14. Corporate Social Responsibility (CSR)
Al Anwar Investments SAOG is committed to support the society and environment. During the year,
company has contributed OMR 10,000.
15. Professional profile of the statutory auditor
BDO LLC, the statutory auditors of the Company, have been operating in the Sultanate of Oman since 1976. BDO LLC is an independent and legally distinct member firm of BDO International Limited. BDO, one of the leading professional services firms, providing industry focused Assurance, Tax and Advisory services, has over 111,000 employees working in a global network of 1,800 offices situated in 164 countries and territories.
BDO LLC is accredited by the Financial Services Authority to audit publicly listed joint stock companies (SAOGs) in Oman. The fees for auditing the financial statements for the year ended March 31, 2024 and the report on compliance with the corporate governance law amounted to OMR 8,000.
16. Internal auditor
Company has a full time qualified and experienced Internal Auditor who works under the supervision
of the Audit Committee.
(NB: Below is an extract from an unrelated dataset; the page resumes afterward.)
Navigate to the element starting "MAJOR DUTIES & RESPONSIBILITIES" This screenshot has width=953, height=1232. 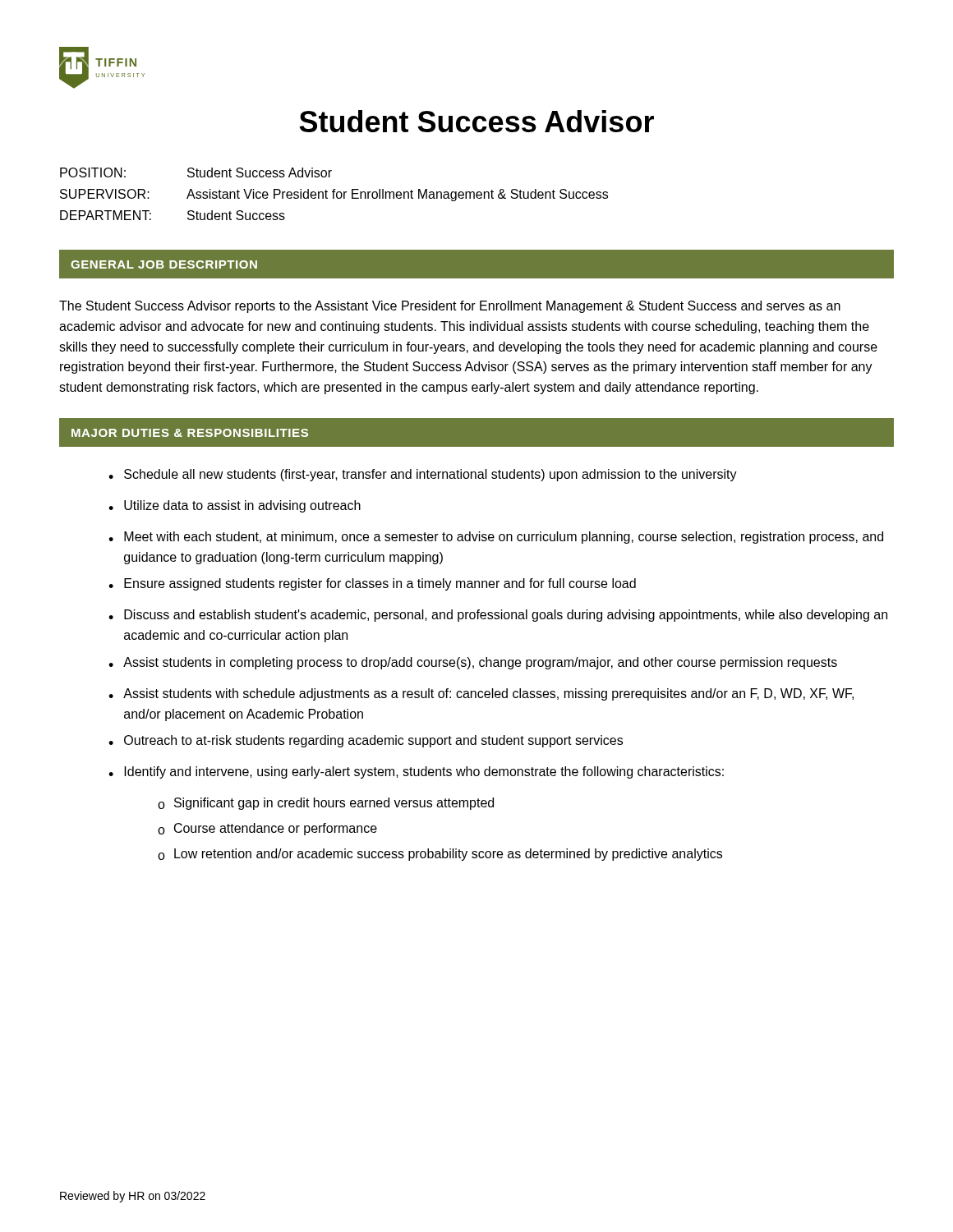(x=190, y=432)

External quality assessment of the Internal Audit Unit (IAU) has been carried
out during the year and we are glad to inform that their overall assessment is that the activities of IAU
“Generally Conforms” with the Standards and the Code of Ethics as per guidelines issued by The
Institute of Internal Auditors (IIA).
17. Specific areas of non-compliance with the provisions of corporate governance and reasons
This report is prepared in compliance with the Code of Corporate Governance and covers all the items
specified in Annexures 3 of code of Corporate Governance issued in July, 2015 and updated in
December, 2016.
18. Acknowledgement by Board of Directors
The Board of Directors is responsible for the preparation of the financial statements in accordance
with the applicable standards and rules.
There are no material things that effect the continuation of the Company and its ability to continue its
operations during the next financial year.
The Board of Directors, through the Audit Committee’s consideration of the results of the internal
audit work and discussions with the external auditors, together with their examination of periodic
management information and discussions with the management, have reviewed the operation of
internal controls during the year ended 31 March 2024. The Board of Directors has concluded based
on this those internal controls operated effectively throughout the year.